Fund managers have shown their support for oil giant BP despite its record $17bn (£11bn) loss in the second quarter.
The group reported the loss this morning and also confirmed Tony Hayward will step down as chief executive in October. He will be replaced by Bob Dudley, who is currently in charge of the Gulf of Mexico oil spill cleanup operation.
However, fund managers say BP has already started to take positive steps to get the business back on track after the disaster.
Tineke Frikkee, manager of the Newton Higher Income fund, has a 7.2% holding in BP. Before the announcement she reassured investors she has been comforted by meetings with senior management as well as the suppliers to the leaking Macondo oil well.
"The political rhetoric surrounding the leak appears to have eased a little, with the US administration acknowledging that it is in nobody's interest to see BP fail.
"Meanwhile, our concerns have been eased by a number of factors; the phasing of the liability payments, the current assumptions on the likely cost of the incident, its asset disposal programme and continuing strong underlying cash generation of the business."
BP has suspended its dividend until the fourth quarter of this year, and the firm plans to review the situation in February next year, but this has not deterred Frikkee.
"These factors, coupled with the strong commitment to deliver future dividends, have led us to retain BP within the fund in anticipation of the early resumption of its dividend stream," she says.
Other managers say the BP's new chiefs should focus on getting the company back on track from a growth perspective rather than concentrating on when shareholders will next receive a dividend.
Philip Haworth, investment manger on the UK equity desk at Aegon, says although £11bn is a "shocking number" it was not a surprise and reflects what the market already knows - an oil spill is "a costly event".
However, he adds, when it is compared to the value wiped off BP's market capitalisation, it is significantly less.

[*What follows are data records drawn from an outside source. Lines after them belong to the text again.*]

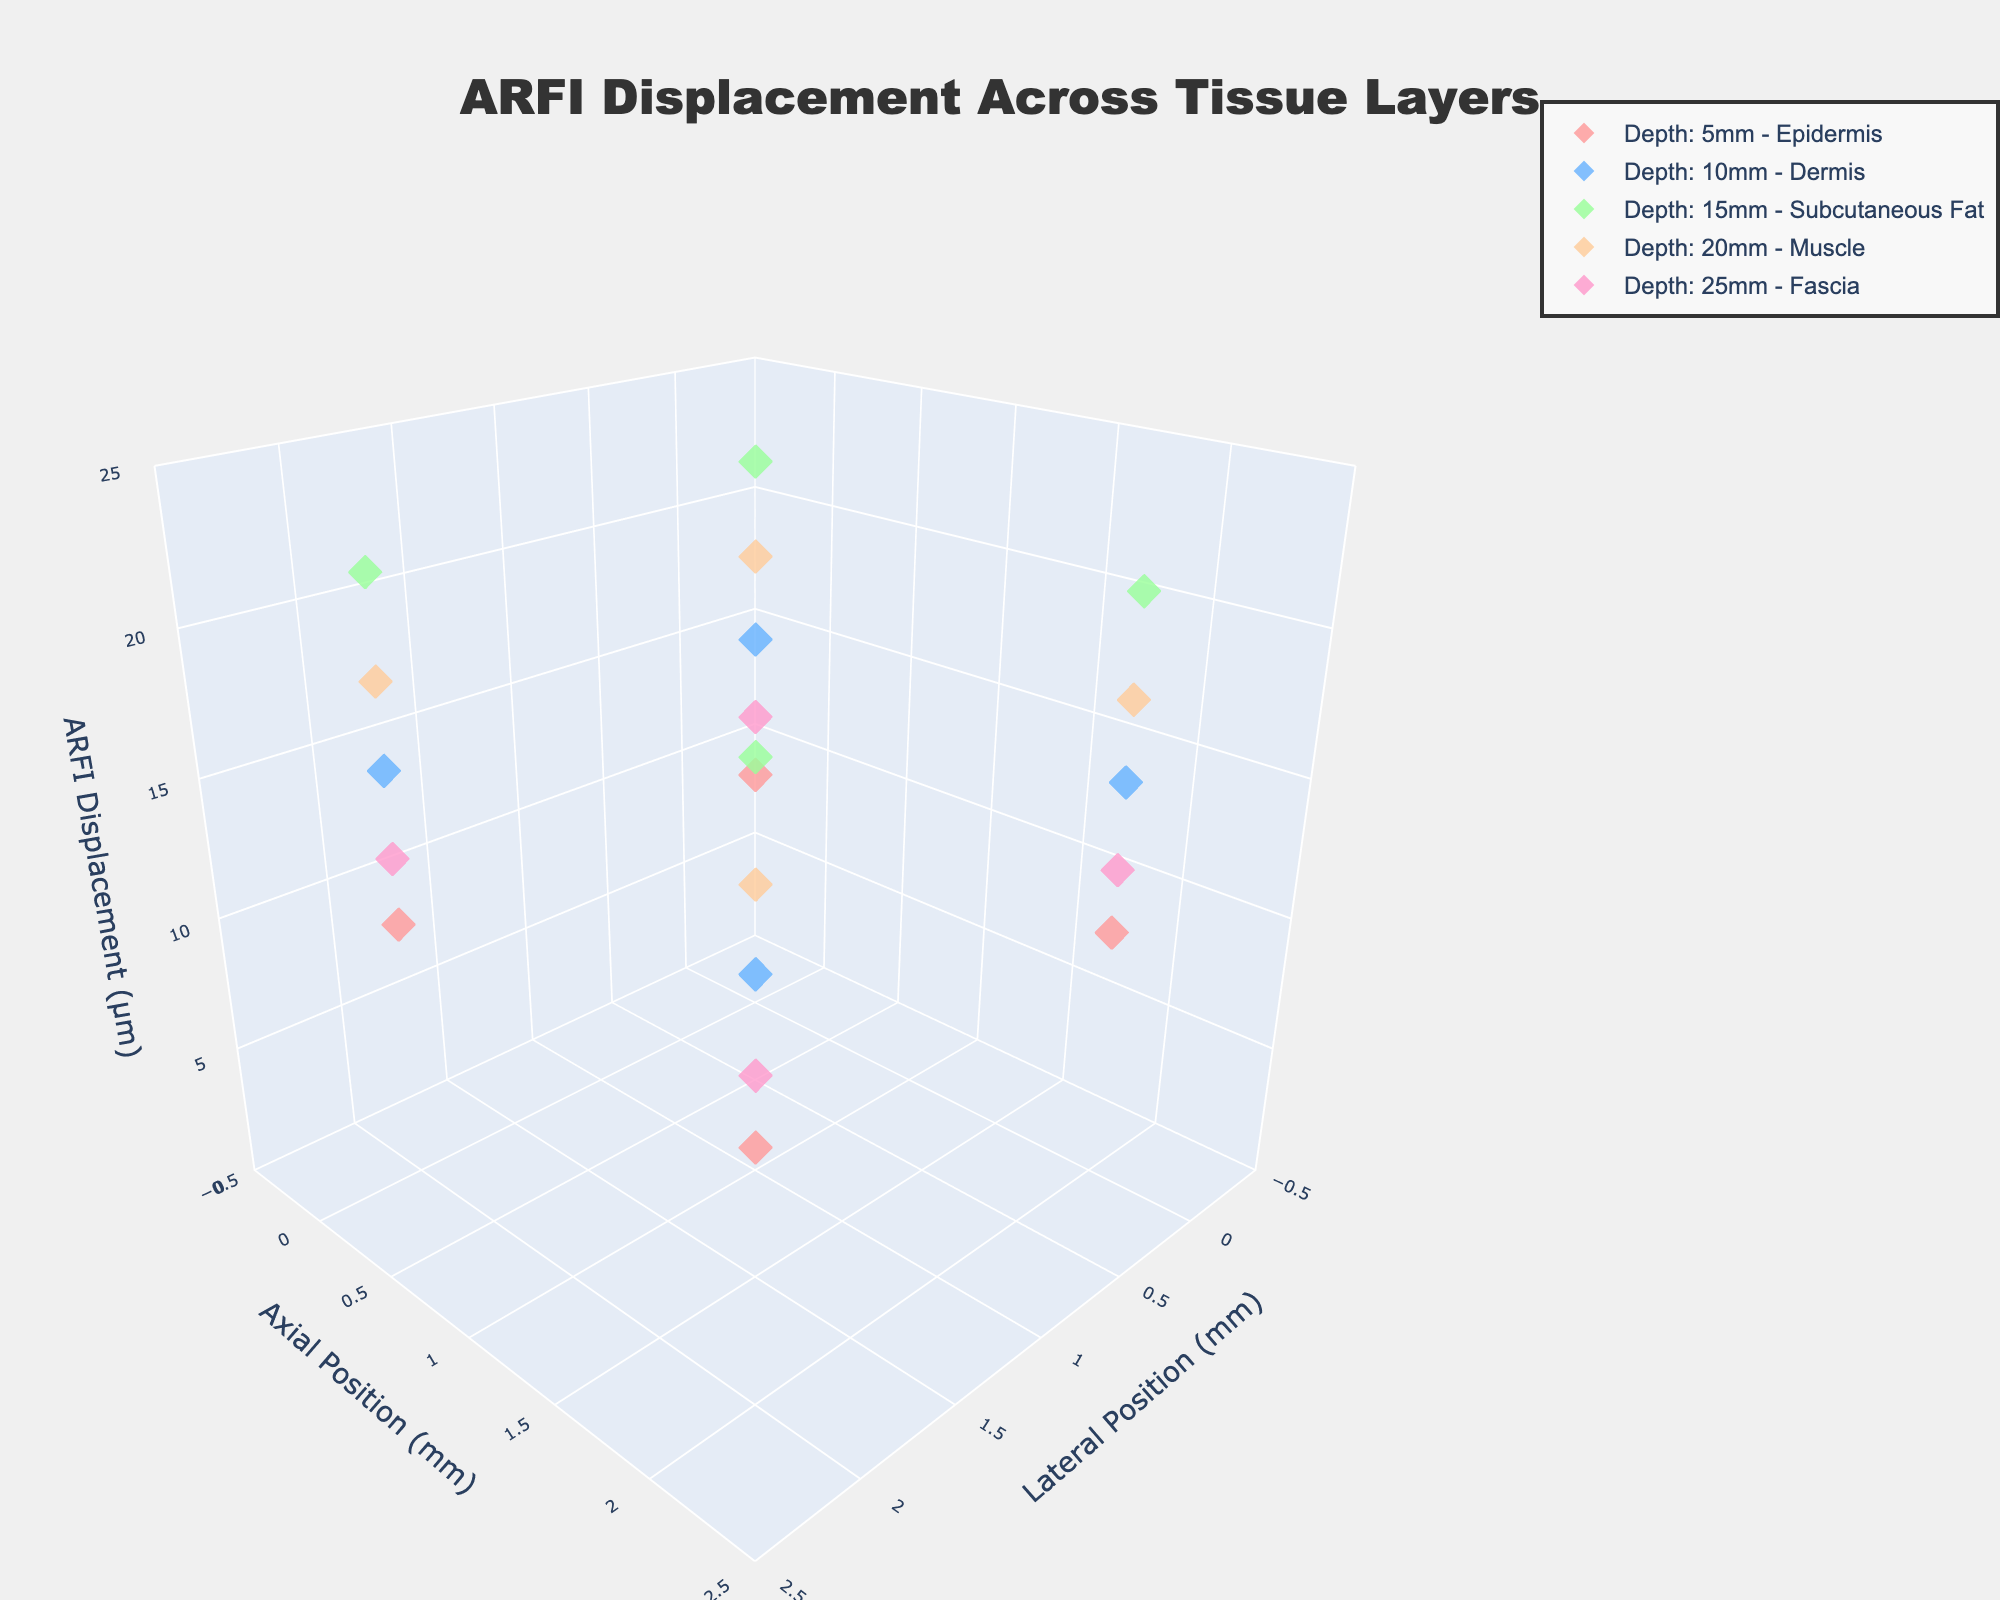Which axis represents the ARFI displacement? The z-axis title indicates "ARFI Displacement (µm)", thus the ARFI displacement is represented by the z-axis.
Answer: z-axis What color represents data points at 10 mm depth? The fifth series uses a color related to blue, as indicated in the legend where each tissue depth has a specific color.
Answer: blue How many tissue layers are represented in the figure? The legend shows each tissue depth's trace and layer name, indicating a total of 5 different layers.
Answer: 5 What is the highest ARFI displacement value and in which tissue layer is it found? The figure shows a 3D scatter plot where the maximum ARFI displacement is around 22.4 µm, which can be identified in the legend with the Subcutaneous Fat tissue layer at 15mm depth.
Answer: 22.4 µm in Subcutaneous Fat Which tissue layer displays the lowest ARFI displacement values? The z-axis range and the positions of the data points illustrate that the lowest ARFI displacements are around 10 µm, seen in the Epidermis layer.
Answer: Epidermis What is the range of the lateral positions analyzed in the plot? The x-axis title "Lateral Position (mm)" and the axis range from about -0.5 to 2.5 provide this information.
Answer: -0.5 to 2.5 mm How does the ARFI displacement differ between 5 mm and 20 mm depth? By comparing both depths on the z-axis, the displacement at 5 mm is around 10 µm, while at 20 mm, it is around 18-19 µm.
Answer: Around 8-9 µm higher at 20 mm depth than at 5 mm depth What general trend can be seen in the ARFI displacement as depth increases? Analyzing each scatter's z-axis values reveals an increasing trend in ARFI displacement from 10 µm at the shallowest to around 22.4 µm at around 15mm depth, then decreasing at depths beyond that.
Answer: Increases then decreases 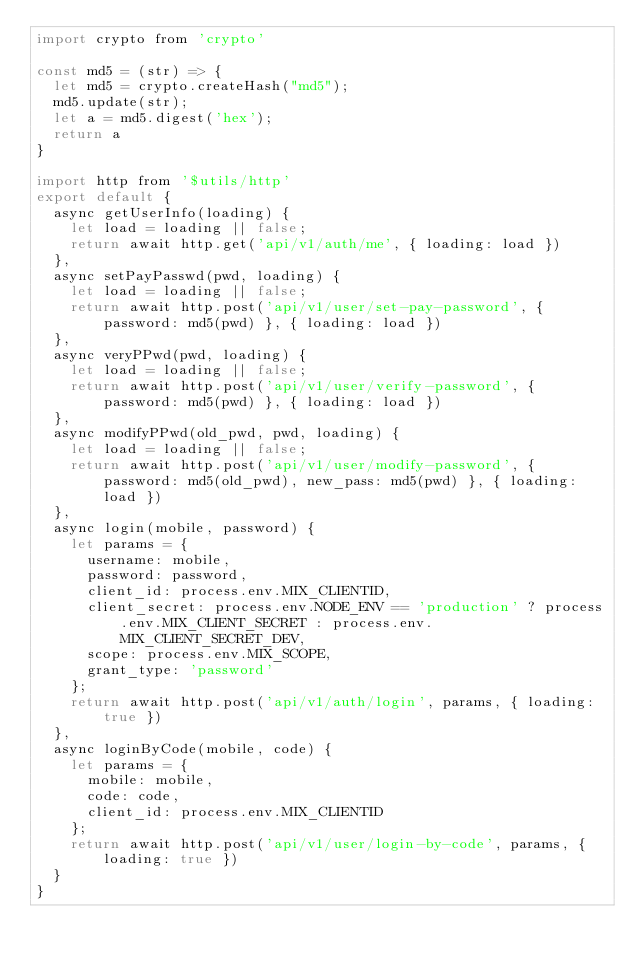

"The share price is overly discounting what the cost to BP will be. We still think there is value there; there is some upside reflecting a more balanced view," he adds.
The Aegon UK Equity Income fund has 5.7% in BP, which is 80 basis points more than the index weighting.
Haworth hopes new chief executive Dudley will focus on generating value for shareholders through whatever means necessary, and says "selling assets is an interesting proposition".
"Already 2% of the resources have been sold for 6% of the market value so there is an opportunity to sell assets at a considerably higher value than discounted in the share price."
Michael Crawford, manager of the LV= UK Growth fund, thinks shrinking the company by $30bn is positive as although it reduces the size of BP, it will be more likely to achieve growth. He agrees the new management should not be so concerned with dividends but on getting the company back into shape.
Meanwhile, Paul Casson, manager of the Henderson Horizon Pan European Alpha fund, says the underlying results released today were strong and calls BP "a highly profitable and cash generative business".
"The provision for the associated costs of the Macondo well explosion totalled $32.2bn. We believe this is a sufficient and realistic amount and note BP's partners on the well (Anadarko of the US and Mitsui of the Japan) will, in due course, have to pay their share of the associated costs," he adds.
He also points to the asset disposal plans as a positive factor: "BP is now targeting $30bn of disposals over the next 18 months, of which it has so far done $7bn. The valuation achieved on the first $7bn was materially ahead of the book value of the assets sold, demonstrating the latent value in the asset base."